(AIM OF THE TASK)
Copy each line of the records below that mentions the word "image".

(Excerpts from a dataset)

■ ■ ■ ■ ■

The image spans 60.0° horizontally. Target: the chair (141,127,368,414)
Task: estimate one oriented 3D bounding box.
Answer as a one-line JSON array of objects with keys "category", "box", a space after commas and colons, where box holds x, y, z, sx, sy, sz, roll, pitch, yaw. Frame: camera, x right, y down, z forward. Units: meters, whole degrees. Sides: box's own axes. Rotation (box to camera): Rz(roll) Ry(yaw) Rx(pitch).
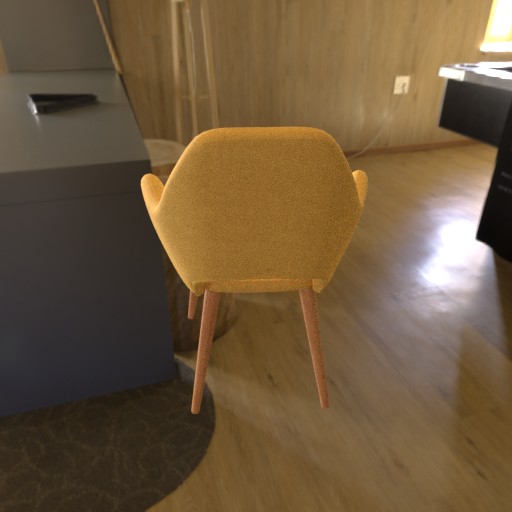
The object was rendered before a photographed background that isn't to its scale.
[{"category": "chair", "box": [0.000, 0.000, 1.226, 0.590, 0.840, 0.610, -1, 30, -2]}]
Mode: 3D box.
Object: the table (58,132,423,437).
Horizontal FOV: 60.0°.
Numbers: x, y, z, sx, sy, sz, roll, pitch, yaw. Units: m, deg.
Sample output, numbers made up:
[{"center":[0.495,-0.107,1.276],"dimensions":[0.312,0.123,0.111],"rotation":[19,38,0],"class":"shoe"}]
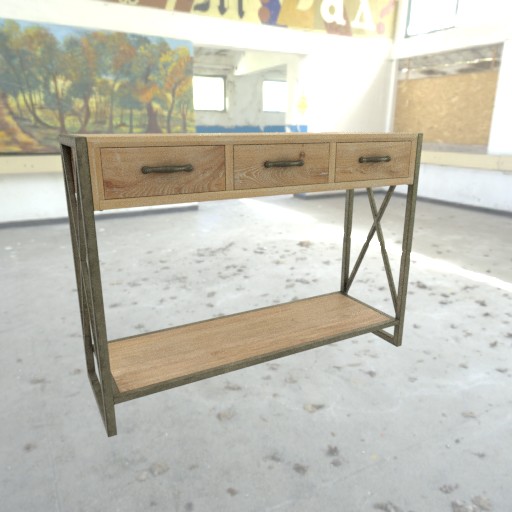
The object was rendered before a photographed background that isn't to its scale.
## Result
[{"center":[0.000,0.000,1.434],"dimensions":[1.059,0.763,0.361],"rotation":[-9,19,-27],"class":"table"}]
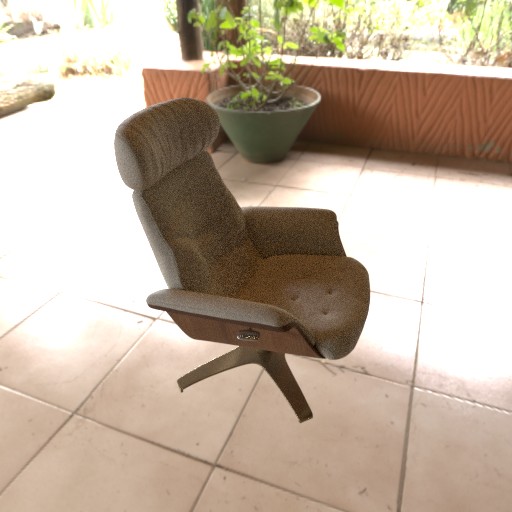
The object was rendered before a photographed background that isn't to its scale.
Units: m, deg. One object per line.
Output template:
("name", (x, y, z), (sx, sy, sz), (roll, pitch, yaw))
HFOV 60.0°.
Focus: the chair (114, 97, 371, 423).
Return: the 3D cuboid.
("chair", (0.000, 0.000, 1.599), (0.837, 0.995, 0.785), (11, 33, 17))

■ ■ ■ ■ ■

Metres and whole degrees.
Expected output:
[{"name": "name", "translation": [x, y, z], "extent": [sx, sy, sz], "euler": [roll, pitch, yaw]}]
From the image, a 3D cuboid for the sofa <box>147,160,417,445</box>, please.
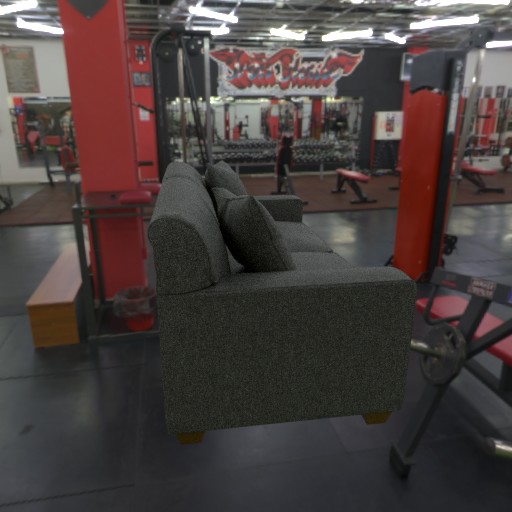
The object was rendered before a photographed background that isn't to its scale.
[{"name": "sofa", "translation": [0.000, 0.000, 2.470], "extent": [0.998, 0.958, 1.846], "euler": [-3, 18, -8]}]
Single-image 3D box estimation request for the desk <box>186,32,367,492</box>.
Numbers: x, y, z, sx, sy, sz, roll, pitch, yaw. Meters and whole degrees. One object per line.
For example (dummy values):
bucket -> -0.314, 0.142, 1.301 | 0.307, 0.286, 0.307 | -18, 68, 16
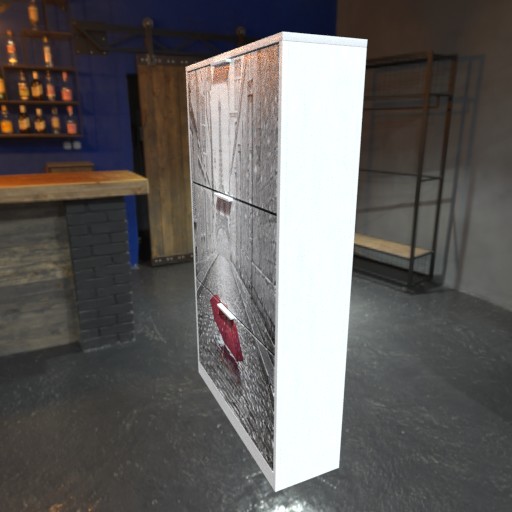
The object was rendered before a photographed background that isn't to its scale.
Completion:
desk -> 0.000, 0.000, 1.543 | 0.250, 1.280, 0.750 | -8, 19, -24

■ ■ ■ ■ ■

(REPLY)
The image spans 60.0° horizontally. Target: the chair (141,127,368,414)
From the image, a 3D cuboid for the sofa <box>147,160,417,445</box>, please.
Single-image 3D box estimation request for the desk <box>186,32,367,492</box>.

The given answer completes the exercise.